329 And every statut koude he pleyn by rote.
330 He rood but hoomly in a medlee cote
331 Girt with a ceint of silk, with barres smale;-
332 Of his array telle I no lenger tale.

It’s interesting to note that lawyers gathered as many flippant comments 600 years ago as they do today.  Seems somehow right and proper.

What do you want to be when you grow up?

It occurred to me today, in a pondering sort of way, that I was never possessed, from an early age, of a desire to become a lawyer. Still, here I am, and it’s fun, so I guess I’ll keep doing it. I took that ponder out for a walk, and came up with the following list of cool jobs that I’ve wanted to do, at some point or other in my life. In no order at all:

  • carpenter
  • knight
  • dragon
  • firefighter
  • police officer
  • truck driver
  • master art thief
  • master jewel thief
  • mountain climber
  • wilderness guide
  • historian
  • archaeologist
  • archivist
  • wizard
  • commando
  • foreign news correspondent
  • journalist
  • bowyer
  • swordsmith
  • photographer
  • spy
  • intrepid explorer
  • diver
  • wildlife biologist
  • ninja
  • space shuttle pilot
  • regular airplane pilot
  • helicopter pilot
  • Jedi Knight
  • toy tester
  • race car driver
  • highrise construction worker
  • veterinarian
  • musician
  • magician
  • escape artist
  • writer
  • librarian

Notice the complete absence of lawyers in there. I still think I’d have made a great dragon.

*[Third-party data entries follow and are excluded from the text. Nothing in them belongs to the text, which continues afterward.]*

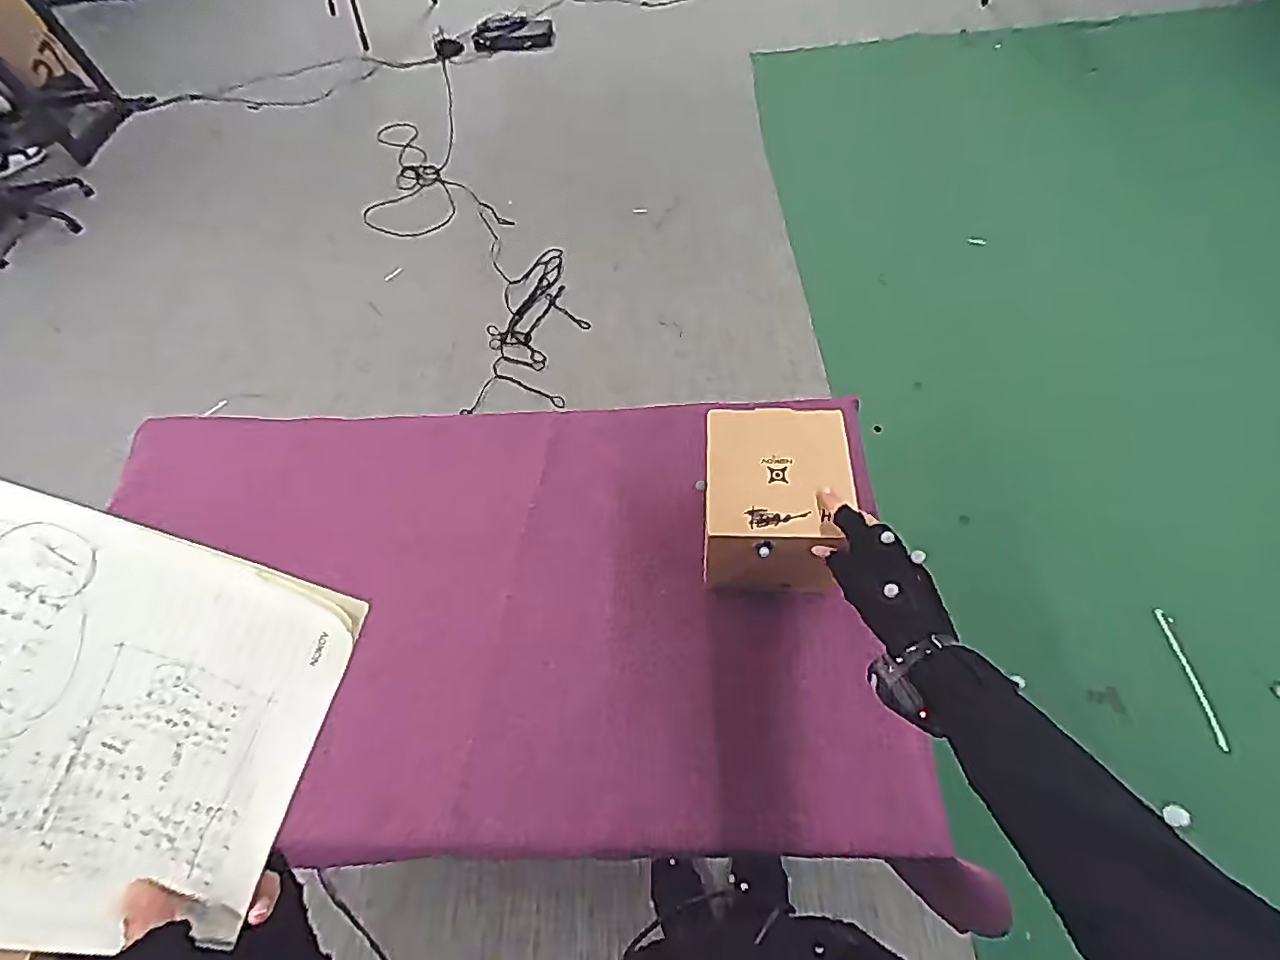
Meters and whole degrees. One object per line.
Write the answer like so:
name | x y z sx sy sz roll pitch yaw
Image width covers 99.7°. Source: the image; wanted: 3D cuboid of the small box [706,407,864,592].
small box | 0.170 0.027 0.688 0.168 0.176 0.179 1 59 7
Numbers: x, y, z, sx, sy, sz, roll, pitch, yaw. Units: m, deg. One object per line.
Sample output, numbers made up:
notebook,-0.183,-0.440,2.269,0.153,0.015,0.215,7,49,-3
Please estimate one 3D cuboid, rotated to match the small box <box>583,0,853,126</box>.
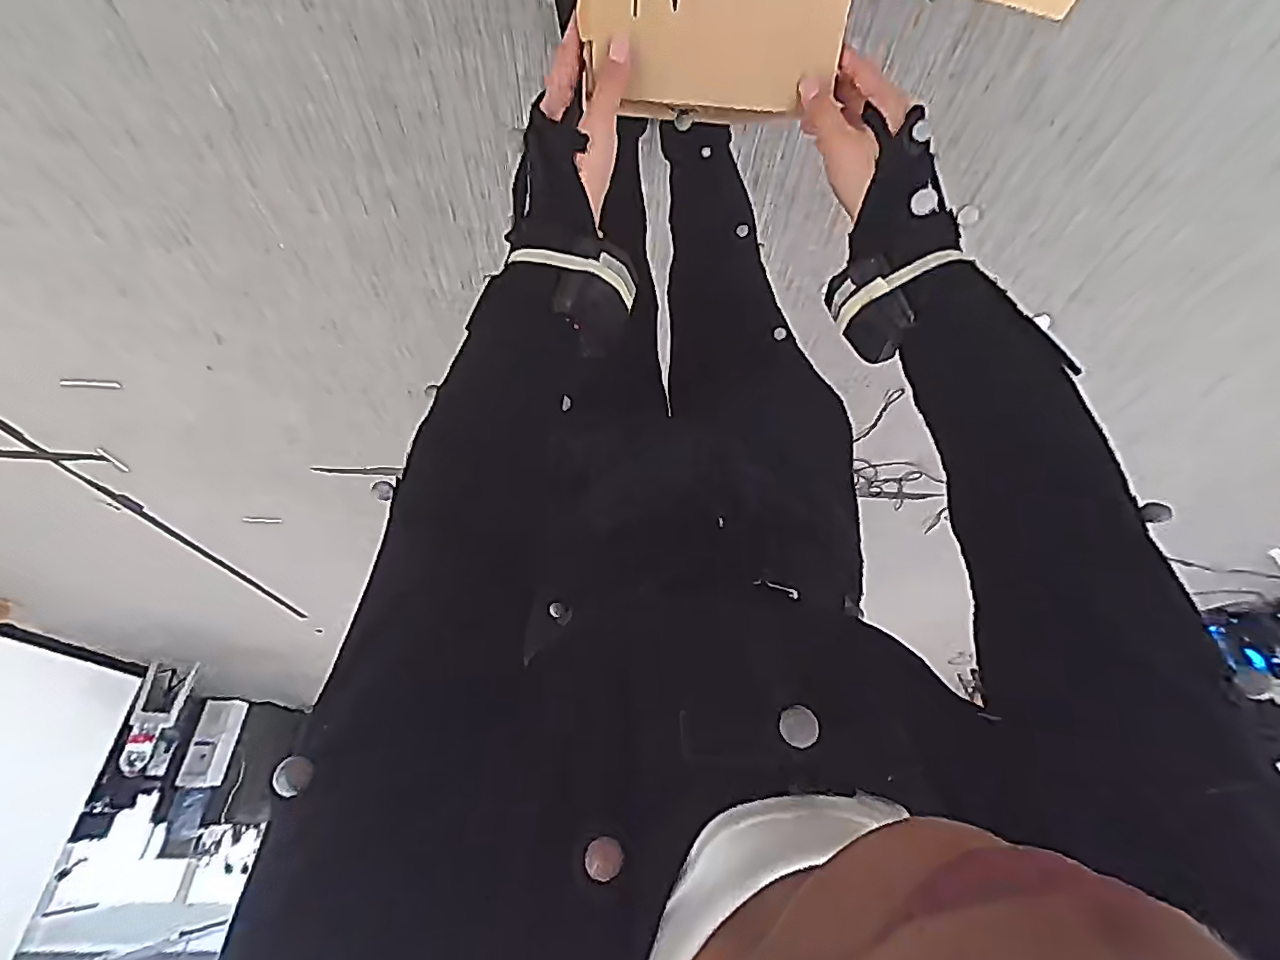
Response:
small box,0.047,-0.371,0.404,0.179,0.176,0.168,-1,121,-8
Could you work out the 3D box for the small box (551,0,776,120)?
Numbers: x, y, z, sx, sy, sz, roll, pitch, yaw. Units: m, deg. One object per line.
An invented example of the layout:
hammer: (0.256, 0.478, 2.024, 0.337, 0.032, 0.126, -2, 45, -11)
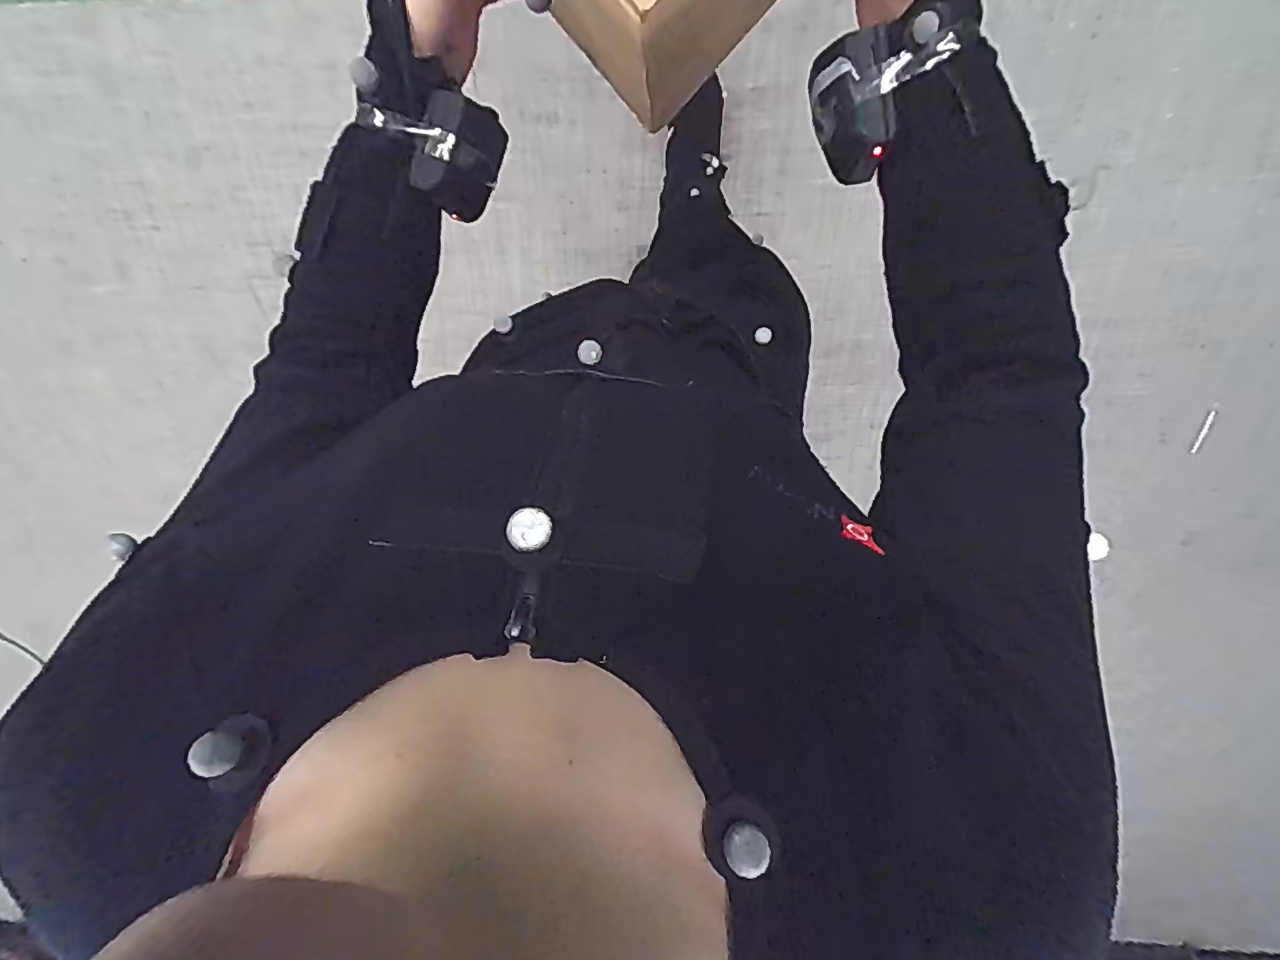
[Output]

What did you want to be when you grew up? I asked Katherine that question today. She said, “Bigger.”

Higher math

Katherine stares at a brick wall.  It’s about 20′ high and 10′ wide.  Just into numbers, she starts to count the bricks, gets to twenty and then stops.  I ask her how many there are.  She gazes up, up, up, to the very top of the wall, and says exasperatedly, “I can’t count that high!”

Blink

Oh, right.  I’ve a blog.  Must do something with that soon.  Here goes.

It seems that down on the Southern Shore of Newfoundland, in the Avalon Wilderness Area, a protected conservation region, there was a strain of the Canadian Lynx unique to the island; a distinct subspecies, as it were.  Like lynx everywhere they subsisted primarily on the snowshoe hare.

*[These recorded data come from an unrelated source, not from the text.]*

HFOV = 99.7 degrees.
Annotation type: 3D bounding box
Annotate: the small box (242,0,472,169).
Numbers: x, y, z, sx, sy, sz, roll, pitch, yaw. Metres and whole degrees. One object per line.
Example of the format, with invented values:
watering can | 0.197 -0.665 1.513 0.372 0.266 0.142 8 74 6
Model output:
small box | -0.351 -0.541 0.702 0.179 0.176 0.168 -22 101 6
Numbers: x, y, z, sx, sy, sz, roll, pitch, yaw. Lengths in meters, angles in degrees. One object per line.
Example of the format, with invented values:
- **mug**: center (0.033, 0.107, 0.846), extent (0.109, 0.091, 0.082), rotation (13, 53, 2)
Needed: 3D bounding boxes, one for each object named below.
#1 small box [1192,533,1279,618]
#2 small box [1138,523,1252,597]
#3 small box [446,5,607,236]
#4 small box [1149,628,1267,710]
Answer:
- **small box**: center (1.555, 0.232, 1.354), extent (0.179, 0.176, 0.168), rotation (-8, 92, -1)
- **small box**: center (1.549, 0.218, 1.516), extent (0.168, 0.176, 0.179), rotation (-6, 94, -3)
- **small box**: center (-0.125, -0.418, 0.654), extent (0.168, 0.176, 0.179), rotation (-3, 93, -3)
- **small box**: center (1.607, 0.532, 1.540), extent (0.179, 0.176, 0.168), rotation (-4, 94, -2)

As with all things, the health of the lynx population was inextricably linked to that of the hare.  As the numbers of one rose and fell, so did the other.  Kind of like the fishery.  Some twenty years ago, however, when I was but a wee lad, a virulent fever of myxomatosis swept through the ranks of the snowshoe hares, leaving their numbers so low that the provincial biologists feared that their recovery would take years, if they recovered at all.

Of course, as the hares sickened and died in mid-wuffle, the lynxes started finding food scarcer and scarcer.  They too started dying, not of sickness, but starvation.  The population fell and fell and not the best efforts of conservationists province-wide could break the downward plunge.

At last, the Southern Shore lynxes were down to two females and one male.  Notoriously shy, like all their kind, they eluded capture, until, at last, weakened by chronic malnutrition and the endless, fruitless quest for sustenance, the male died.

Bereft of their Y-chromosome provider, it mattered not that hare population rebounded and the two remaining females lived out long and happy lives in a wilderness booming with game.  The future Newfoundland subspecies of Canadian lynx died with that male. . . . . . .

Thus proving the old adage that a strain is only as strong as its weakest lynx.

(Actually, the Newfoundland lynx is doing just fine, thanks for asking.)